Bolivia: Looking to set an incredibly bad precedent for junior mining companies
Friday’s news out of Bolivia was more bad news for junior explorers still working there, if they
needed any more that is. According to reports (17) Bolivia’s Mining Minister, Mario Virreira,
announced that the State would look to prosecute South American Silver (SAC.to), the once
owners of the Mallku Khota project (see IKNs passim) for the supposed crimes of “economic
damage to the State” and “criminal enrichment” (in Spanish enriquecimiento ilícito, a typical
accusation that best translates along the lines of ‘ill gotten gains’). So far so soapbox, but then
the reasons behind these accusations, as put forward by the Mining Minister of the country no
less, make it practically impossible for any publicly listed junior to be an exploreco in Bolivia.
Virreira said that South American Silver (SAC.to), rather than its local subsidiary called
Compañia Minera Mallku Khota, had never filed papers to operate the Mallku Khota mine and
had illegally used the value of the deposit to increase the price of its shares in international
stock markets. In other words, it recognized the local subsidiary that was wholly owned by
SAC.to, but it said that using its second-hand connection to the deposit in order to promote
itself and make its shares more expensive in Canada was illegal, according to the host country.
Or put simply, woe betide you if you start creating value on a foreign exchange via a project
based in Bolivia, because Bolivia will quickly take all that value away from you. This crazy state
of affairs means that any junior exploration company choosing Bolivia as location for activities
should be considered as run by idiots, because anything you invest from abroad will have zero
return to abroad, with that over and above the high financial risk of doing exploration work in
the first place.
I’ve said the same thing for years and I’m saying it again here: Avoid all Bolivia exposure to
your portfolio. No matter how good the rocks, no matter how convincing the management, no
matter what they say to you. A great country to visit and its internal economy is in fairly good
shape these days too but it’s just not for you, dear and kind junior mining investor.

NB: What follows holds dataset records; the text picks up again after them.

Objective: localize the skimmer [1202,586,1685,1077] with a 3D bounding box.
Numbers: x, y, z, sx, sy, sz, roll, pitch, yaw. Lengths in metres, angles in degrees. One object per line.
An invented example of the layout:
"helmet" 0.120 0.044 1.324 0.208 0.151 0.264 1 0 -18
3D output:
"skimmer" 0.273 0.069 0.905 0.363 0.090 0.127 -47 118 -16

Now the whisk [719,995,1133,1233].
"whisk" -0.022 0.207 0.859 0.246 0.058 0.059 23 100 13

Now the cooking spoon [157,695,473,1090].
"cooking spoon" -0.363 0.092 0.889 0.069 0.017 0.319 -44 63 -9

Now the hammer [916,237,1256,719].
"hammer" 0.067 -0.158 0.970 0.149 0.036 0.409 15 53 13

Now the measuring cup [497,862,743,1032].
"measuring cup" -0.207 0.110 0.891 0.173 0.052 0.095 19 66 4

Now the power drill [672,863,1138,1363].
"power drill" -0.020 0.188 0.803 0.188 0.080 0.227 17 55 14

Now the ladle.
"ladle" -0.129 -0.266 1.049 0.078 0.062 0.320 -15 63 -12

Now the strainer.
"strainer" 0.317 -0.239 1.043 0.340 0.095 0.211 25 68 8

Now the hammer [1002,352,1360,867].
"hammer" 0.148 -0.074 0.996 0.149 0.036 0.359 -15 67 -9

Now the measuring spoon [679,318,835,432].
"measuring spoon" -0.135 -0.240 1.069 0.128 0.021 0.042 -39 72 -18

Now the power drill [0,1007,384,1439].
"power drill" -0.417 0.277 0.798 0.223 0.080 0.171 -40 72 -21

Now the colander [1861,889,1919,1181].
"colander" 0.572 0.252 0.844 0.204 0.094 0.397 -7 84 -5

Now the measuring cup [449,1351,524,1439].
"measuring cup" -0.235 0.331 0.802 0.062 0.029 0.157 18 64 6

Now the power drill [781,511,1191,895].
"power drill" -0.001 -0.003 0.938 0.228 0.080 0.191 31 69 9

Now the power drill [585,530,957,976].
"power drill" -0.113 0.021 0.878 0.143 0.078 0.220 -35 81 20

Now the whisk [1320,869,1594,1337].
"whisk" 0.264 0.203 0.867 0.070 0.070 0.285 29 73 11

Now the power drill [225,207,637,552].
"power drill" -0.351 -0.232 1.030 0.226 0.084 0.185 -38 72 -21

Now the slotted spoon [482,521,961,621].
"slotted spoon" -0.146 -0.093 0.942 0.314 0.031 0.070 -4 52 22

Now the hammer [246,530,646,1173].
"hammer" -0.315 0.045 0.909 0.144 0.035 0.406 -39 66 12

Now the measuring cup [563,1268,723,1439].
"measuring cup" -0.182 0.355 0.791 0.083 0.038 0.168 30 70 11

Chile: Water from the South to the North
Along with its apparent energy bottleneck that’s getting plenty of news airtime recently, the key
problem Chile has to solve regarding its North area mining projects is that of water, because
the high regions of northern Chile are very dry place and as the most basic of mining equations
rightly says, no water = no mine. To this end engineers in Chile have had their thinking caps on
for quite a while, with solutions to solve the lack of water supply including de-salination plants
(expensive, but possible) importing water from neighbouring countries (happening already but
may become politically charged and unreliable, as witnessed this week (18) when Chile made
an official governmental inquiry into an apparently partially blocked river in Bolivia that then
runs into Chile and supplies the local region) deeper wells or techniques using seawater in
processing where possible (eg Capstone at Santo Domingo).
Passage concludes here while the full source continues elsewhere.